● Stored data
━━━━━━━━
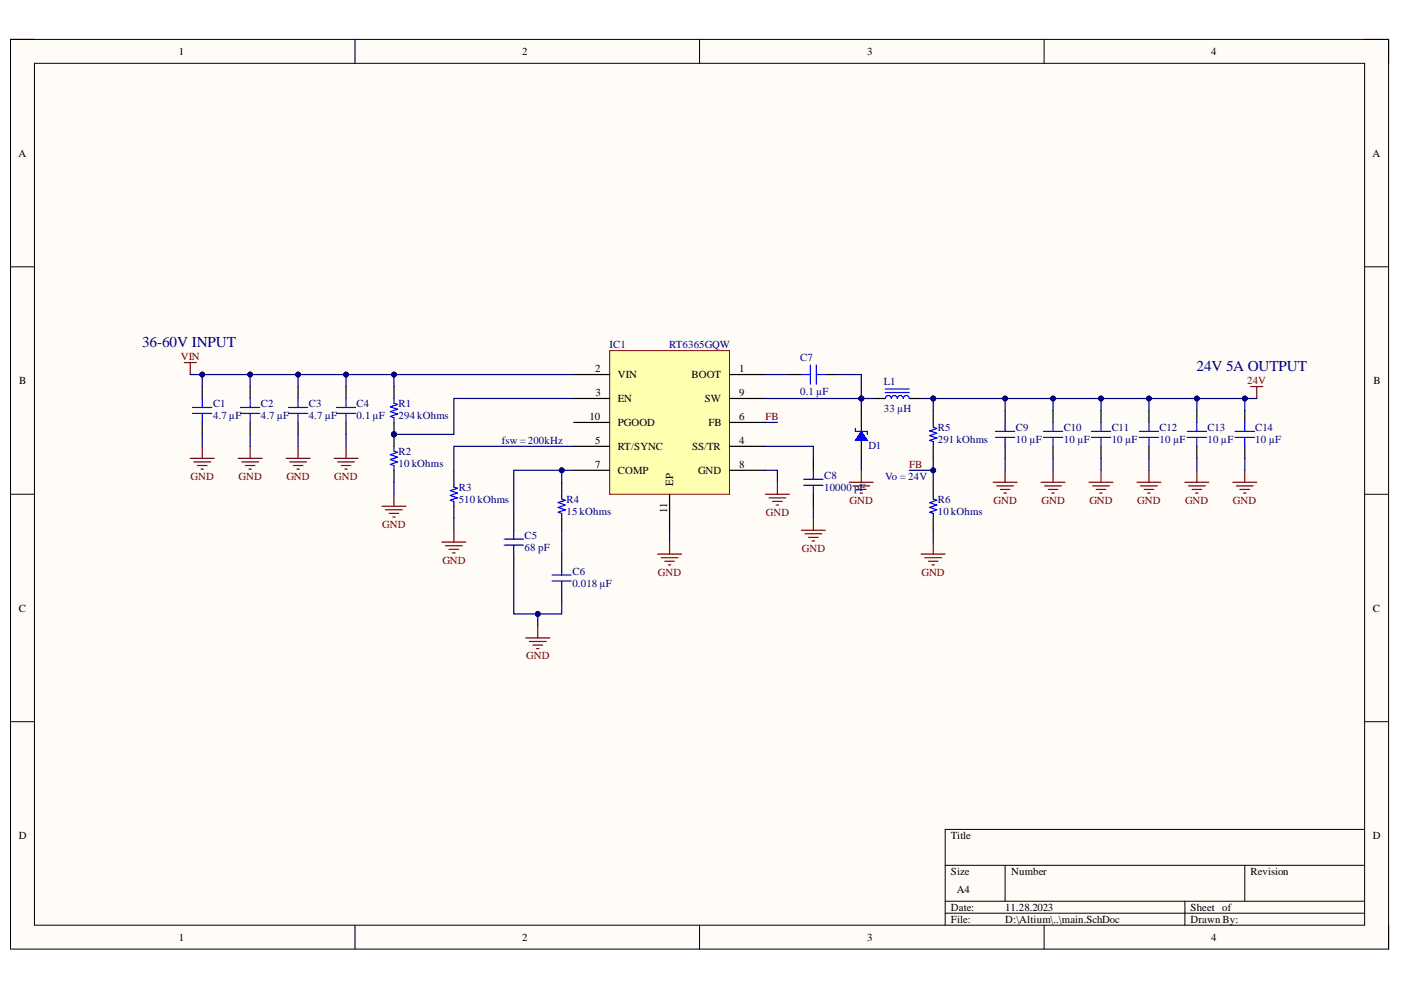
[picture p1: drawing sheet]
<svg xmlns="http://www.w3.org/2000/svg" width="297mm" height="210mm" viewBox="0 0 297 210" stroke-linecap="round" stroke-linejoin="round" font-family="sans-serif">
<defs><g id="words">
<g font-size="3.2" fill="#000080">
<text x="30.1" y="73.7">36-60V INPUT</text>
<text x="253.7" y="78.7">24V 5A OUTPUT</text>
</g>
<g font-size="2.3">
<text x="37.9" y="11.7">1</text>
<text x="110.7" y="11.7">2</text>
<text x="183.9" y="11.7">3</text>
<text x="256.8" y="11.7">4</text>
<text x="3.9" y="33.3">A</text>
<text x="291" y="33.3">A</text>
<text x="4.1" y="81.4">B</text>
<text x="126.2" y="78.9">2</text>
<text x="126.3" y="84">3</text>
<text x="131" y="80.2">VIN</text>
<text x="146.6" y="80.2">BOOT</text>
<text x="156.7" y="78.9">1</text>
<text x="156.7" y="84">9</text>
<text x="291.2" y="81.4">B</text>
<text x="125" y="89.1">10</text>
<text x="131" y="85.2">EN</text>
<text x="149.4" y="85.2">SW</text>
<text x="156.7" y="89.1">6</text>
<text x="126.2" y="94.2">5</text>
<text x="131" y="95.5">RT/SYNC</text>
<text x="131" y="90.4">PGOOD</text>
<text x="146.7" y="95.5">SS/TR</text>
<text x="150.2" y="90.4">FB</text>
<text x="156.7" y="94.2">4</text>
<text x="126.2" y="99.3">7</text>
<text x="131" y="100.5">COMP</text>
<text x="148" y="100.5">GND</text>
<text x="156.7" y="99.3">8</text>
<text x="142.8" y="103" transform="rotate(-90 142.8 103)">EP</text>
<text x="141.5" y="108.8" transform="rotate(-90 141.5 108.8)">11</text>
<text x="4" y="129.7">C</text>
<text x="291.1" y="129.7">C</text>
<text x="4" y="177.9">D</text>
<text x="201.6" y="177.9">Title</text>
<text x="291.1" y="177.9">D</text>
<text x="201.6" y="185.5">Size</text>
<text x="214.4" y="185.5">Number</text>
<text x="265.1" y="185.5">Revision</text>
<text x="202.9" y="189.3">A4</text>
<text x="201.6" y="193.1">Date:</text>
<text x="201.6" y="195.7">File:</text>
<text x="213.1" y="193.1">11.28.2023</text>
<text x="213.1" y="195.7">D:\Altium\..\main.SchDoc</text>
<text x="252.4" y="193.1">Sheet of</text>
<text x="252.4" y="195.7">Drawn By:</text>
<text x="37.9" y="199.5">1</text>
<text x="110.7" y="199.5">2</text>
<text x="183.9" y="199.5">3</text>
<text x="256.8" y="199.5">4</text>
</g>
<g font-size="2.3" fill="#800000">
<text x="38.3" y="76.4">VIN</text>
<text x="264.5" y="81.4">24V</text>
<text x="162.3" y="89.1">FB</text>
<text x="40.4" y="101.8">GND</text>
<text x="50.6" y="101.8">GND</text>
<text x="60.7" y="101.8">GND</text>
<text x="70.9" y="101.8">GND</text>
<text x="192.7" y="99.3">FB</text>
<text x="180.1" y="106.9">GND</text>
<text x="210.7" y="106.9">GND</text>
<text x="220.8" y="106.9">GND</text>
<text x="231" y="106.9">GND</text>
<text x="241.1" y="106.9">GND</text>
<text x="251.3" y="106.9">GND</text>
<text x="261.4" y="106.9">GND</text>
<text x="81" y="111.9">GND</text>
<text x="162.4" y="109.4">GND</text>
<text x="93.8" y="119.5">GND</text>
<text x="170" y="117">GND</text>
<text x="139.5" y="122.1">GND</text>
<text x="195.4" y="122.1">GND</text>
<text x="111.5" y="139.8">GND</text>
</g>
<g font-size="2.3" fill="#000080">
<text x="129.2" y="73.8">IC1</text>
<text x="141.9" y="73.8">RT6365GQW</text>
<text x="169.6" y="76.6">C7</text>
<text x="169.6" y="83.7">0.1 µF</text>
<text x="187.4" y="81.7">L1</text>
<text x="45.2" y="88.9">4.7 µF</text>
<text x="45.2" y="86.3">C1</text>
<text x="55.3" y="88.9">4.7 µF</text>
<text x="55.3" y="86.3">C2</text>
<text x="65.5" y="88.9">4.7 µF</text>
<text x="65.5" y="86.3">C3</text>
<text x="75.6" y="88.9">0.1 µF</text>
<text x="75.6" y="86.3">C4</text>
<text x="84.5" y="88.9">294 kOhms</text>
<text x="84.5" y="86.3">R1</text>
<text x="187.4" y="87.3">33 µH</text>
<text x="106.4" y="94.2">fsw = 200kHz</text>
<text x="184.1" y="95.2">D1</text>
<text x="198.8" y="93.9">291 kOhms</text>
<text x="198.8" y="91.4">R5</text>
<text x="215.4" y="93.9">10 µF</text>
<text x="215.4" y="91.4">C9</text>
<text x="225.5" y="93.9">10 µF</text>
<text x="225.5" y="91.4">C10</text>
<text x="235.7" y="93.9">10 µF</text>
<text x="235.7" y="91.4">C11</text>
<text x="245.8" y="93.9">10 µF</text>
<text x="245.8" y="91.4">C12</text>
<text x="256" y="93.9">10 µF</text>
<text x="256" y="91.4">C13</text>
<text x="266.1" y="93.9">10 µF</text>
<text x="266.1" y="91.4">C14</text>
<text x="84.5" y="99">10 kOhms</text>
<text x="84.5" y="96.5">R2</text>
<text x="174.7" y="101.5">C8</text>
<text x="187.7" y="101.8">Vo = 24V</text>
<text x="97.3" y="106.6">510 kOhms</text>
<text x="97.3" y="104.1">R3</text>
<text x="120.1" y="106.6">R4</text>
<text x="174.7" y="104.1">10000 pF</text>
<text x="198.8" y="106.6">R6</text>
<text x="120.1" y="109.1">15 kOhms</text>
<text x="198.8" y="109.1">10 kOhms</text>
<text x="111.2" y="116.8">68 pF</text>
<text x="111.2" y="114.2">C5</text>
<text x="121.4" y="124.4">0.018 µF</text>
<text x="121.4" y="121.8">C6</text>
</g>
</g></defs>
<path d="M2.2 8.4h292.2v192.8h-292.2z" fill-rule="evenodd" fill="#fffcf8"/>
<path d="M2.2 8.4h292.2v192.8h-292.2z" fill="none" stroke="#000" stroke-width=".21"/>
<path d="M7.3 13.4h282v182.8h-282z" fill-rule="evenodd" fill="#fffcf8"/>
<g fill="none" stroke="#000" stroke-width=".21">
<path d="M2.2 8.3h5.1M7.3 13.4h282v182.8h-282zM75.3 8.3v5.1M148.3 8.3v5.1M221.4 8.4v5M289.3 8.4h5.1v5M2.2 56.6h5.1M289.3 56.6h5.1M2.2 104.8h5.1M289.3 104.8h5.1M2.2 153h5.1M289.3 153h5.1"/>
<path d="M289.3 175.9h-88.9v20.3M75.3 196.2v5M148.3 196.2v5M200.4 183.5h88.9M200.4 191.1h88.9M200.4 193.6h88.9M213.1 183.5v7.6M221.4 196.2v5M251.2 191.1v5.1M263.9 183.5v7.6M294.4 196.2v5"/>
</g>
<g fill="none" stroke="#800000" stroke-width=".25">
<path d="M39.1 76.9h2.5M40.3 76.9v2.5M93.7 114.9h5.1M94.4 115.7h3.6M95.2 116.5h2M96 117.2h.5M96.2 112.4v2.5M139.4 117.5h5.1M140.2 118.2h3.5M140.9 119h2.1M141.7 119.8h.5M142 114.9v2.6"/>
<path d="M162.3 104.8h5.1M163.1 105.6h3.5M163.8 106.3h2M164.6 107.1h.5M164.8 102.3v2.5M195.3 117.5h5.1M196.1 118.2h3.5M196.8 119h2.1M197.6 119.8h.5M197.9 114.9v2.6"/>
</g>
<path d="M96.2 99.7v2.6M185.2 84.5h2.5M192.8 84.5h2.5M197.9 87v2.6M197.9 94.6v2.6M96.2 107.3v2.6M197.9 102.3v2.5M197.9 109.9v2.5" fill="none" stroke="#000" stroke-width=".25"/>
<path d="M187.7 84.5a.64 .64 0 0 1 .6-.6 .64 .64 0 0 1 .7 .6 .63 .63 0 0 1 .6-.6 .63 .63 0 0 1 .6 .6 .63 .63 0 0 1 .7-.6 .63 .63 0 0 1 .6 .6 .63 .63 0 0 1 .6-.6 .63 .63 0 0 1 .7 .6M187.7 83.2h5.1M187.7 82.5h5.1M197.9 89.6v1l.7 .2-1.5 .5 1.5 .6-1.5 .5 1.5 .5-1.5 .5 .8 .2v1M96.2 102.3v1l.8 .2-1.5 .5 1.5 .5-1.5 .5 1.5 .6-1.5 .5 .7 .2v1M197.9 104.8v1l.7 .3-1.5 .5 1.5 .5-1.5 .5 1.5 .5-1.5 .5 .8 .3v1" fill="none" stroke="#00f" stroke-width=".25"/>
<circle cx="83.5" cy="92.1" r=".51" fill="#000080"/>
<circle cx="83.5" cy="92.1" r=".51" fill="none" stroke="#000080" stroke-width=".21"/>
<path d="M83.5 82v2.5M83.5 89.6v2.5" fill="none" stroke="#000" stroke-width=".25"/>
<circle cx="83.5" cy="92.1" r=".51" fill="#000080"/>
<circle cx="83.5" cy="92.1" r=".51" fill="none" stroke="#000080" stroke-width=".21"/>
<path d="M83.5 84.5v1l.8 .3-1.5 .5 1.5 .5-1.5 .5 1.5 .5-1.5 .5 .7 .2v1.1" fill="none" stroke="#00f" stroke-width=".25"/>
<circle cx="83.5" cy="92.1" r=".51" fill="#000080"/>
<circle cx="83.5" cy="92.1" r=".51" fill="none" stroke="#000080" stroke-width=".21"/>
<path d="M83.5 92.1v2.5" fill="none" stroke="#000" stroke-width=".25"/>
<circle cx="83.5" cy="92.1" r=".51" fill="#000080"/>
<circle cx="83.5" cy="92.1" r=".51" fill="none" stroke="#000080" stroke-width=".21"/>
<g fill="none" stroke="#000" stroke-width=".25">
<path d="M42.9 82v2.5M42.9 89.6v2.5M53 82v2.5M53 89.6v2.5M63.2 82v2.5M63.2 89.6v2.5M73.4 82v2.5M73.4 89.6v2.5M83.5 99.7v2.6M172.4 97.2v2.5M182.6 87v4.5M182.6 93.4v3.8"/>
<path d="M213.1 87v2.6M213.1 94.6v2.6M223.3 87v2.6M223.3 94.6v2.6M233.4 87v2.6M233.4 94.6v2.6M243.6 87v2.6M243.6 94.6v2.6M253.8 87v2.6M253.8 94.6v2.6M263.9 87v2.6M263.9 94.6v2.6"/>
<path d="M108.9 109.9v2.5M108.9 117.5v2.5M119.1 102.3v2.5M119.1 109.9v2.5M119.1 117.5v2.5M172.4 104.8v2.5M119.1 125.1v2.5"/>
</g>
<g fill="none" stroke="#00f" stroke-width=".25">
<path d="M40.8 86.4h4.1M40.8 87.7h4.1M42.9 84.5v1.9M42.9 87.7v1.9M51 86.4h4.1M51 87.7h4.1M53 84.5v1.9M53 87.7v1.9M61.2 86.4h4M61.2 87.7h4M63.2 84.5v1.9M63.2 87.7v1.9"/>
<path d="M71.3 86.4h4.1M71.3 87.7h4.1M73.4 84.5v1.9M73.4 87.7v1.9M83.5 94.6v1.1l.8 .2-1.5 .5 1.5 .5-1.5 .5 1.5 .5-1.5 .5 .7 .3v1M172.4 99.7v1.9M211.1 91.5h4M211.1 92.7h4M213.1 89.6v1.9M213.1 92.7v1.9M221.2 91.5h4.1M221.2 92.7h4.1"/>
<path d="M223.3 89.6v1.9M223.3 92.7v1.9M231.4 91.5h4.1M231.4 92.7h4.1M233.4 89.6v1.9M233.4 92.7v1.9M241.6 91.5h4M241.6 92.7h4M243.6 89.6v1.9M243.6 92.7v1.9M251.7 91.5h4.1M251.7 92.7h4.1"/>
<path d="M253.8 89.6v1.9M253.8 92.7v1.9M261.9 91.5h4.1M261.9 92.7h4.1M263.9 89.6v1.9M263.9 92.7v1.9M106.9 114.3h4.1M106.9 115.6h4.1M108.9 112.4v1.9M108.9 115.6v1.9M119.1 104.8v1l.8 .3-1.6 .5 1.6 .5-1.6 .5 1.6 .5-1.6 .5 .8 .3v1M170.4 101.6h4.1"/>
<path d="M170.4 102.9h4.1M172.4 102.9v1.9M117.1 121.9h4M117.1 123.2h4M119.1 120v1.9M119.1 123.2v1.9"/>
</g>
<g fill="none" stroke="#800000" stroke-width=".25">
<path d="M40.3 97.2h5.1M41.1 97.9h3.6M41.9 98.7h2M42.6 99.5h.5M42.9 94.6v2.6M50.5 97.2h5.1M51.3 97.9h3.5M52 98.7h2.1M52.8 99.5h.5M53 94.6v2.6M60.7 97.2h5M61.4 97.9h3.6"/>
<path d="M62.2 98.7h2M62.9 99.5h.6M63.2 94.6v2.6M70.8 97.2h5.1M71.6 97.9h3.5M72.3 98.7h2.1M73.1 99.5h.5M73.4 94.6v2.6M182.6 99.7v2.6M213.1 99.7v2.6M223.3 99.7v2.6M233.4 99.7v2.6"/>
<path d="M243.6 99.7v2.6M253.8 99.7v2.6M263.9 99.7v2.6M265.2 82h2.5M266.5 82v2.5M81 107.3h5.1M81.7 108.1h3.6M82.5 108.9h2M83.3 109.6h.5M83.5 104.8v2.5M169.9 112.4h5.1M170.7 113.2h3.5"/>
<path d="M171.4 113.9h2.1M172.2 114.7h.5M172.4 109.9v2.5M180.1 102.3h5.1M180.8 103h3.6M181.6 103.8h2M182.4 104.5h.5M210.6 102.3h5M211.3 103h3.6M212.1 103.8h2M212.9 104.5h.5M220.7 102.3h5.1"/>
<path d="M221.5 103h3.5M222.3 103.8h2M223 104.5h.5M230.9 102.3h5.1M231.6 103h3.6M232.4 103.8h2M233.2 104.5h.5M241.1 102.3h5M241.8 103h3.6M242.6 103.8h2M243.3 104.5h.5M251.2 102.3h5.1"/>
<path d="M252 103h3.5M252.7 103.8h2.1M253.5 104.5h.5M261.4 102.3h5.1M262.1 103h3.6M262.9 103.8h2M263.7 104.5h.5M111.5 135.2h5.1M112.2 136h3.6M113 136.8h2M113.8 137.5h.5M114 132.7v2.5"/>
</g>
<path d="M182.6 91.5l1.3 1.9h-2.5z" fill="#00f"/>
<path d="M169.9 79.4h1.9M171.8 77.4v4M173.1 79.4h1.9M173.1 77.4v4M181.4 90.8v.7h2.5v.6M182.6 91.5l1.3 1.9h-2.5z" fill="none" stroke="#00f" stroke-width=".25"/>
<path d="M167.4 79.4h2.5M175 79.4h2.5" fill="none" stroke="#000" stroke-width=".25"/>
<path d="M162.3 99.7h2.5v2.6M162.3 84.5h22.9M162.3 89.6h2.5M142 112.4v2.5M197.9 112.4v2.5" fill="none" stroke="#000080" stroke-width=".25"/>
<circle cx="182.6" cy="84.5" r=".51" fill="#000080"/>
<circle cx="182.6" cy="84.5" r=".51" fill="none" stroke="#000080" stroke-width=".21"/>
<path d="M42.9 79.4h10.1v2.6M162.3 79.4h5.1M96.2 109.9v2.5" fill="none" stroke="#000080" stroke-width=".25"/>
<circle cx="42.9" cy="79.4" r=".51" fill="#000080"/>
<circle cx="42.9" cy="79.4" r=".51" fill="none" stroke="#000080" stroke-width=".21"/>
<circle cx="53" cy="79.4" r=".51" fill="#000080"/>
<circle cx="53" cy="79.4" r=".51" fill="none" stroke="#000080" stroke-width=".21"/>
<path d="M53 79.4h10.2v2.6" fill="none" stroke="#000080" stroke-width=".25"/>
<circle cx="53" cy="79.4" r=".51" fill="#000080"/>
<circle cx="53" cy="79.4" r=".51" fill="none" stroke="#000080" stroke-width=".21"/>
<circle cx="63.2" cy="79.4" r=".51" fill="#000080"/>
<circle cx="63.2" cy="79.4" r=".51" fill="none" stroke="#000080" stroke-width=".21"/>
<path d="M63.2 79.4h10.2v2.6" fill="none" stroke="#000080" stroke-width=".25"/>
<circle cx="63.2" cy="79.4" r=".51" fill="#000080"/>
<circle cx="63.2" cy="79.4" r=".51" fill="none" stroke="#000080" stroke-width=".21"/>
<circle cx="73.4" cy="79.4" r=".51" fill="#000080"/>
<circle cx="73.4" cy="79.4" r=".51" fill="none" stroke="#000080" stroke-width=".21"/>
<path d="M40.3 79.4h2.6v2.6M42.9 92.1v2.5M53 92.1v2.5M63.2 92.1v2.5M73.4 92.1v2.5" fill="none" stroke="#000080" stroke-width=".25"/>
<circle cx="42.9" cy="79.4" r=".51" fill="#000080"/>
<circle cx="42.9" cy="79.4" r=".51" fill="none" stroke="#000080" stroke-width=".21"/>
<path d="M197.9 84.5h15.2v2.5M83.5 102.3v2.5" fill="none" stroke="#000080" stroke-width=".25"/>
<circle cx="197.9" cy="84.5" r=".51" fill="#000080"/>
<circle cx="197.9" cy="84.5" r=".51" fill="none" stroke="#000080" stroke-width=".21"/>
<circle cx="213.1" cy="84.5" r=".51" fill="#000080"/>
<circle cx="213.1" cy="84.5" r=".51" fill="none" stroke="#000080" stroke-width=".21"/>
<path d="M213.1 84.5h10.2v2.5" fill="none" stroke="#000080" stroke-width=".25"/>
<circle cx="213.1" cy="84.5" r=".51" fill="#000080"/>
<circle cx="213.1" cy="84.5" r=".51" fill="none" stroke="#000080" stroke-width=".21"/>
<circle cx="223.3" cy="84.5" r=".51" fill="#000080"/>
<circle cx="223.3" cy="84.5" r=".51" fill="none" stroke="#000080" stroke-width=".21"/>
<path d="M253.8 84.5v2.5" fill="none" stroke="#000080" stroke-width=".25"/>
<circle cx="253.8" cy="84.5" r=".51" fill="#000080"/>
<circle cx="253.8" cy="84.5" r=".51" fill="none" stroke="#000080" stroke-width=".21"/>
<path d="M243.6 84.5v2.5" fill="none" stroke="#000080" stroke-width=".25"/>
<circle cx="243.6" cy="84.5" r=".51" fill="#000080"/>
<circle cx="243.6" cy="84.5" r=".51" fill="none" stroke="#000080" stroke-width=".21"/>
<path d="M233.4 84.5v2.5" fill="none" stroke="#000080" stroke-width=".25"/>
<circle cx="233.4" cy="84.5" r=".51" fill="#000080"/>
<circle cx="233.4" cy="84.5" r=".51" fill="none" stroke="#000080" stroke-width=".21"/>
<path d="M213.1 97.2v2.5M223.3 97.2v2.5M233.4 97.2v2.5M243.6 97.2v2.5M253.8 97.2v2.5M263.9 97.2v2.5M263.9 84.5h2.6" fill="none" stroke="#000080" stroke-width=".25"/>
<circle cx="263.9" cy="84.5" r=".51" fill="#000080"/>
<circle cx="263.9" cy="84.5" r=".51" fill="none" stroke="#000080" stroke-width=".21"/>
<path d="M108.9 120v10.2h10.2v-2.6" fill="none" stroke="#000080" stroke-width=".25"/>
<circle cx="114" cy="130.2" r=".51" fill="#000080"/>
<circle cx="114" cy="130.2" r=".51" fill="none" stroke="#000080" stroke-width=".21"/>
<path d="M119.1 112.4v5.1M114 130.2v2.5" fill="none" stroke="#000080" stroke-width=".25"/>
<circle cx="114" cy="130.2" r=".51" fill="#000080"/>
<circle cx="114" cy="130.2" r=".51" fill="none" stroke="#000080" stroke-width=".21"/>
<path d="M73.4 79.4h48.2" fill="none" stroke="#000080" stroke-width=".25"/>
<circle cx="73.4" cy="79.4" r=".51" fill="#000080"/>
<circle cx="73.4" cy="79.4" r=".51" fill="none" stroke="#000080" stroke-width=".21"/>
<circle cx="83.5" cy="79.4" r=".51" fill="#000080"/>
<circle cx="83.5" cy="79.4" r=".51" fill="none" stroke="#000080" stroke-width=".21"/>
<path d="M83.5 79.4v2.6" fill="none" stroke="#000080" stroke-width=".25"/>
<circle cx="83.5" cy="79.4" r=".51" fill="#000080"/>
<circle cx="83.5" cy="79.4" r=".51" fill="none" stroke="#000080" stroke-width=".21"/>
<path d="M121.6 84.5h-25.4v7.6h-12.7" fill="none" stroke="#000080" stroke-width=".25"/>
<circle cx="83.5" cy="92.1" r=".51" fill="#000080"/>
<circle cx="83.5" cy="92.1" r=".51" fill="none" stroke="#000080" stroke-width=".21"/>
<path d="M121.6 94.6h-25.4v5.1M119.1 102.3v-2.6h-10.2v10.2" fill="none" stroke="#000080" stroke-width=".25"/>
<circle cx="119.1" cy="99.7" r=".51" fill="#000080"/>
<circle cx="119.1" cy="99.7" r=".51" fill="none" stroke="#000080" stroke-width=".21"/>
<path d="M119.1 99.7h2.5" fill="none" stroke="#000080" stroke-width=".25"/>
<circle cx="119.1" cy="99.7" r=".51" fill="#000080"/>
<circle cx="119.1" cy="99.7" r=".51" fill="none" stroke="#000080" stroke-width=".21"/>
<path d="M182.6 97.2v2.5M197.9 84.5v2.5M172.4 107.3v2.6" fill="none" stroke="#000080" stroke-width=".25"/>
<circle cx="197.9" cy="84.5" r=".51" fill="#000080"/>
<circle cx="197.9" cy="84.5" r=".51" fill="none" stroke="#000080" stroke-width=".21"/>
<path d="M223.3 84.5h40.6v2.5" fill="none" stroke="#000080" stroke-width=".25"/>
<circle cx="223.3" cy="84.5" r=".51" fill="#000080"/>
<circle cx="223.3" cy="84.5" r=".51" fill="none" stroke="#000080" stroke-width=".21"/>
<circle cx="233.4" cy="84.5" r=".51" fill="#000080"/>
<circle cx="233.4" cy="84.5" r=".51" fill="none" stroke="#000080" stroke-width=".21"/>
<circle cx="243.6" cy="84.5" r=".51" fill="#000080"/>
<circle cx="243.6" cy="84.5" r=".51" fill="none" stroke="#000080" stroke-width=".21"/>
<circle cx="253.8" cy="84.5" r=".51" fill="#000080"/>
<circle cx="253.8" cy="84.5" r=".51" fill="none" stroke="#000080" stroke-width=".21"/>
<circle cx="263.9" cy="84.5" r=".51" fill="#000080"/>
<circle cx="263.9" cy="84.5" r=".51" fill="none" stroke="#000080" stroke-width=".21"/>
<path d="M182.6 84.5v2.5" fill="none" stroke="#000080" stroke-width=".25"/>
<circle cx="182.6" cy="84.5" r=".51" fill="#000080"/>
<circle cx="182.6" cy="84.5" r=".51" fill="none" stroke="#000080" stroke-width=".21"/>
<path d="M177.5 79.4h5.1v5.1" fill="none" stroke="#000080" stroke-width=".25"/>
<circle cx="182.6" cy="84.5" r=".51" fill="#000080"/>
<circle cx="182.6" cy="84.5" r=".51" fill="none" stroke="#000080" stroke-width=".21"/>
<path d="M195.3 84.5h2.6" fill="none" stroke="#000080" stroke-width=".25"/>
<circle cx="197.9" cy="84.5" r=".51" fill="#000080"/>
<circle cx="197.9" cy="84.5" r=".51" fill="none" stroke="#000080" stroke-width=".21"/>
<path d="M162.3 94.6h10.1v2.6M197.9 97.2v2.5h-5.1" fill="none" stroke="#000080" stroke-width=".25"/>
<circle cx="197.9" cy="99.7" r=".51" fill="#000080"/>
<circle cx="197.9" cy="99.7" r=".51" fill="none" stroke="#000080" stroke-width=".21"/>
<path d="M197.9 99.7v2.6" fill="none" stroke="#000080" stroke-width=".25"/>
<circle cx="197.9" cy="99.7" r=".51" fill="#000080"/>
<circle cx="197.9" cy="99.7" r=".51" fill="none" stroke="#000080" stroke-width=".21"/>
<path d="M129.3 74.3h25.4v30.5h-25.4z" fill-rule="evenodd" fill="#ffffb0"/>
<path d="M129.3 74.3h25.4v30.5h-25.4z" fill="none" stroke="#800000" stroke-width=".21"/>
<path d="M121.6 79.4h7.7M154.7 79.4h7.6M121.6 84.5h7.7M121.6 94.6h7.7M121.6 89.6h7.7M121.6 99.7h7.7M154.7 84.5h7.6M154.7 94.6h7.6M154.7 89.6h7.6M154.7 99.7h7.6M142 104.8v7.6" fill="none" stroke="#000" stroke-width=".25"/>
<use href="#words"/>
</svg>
━━━━━━━━
Looking at the data above, how many lines hold the string "transform"? Reply with only the number.

● Task response
2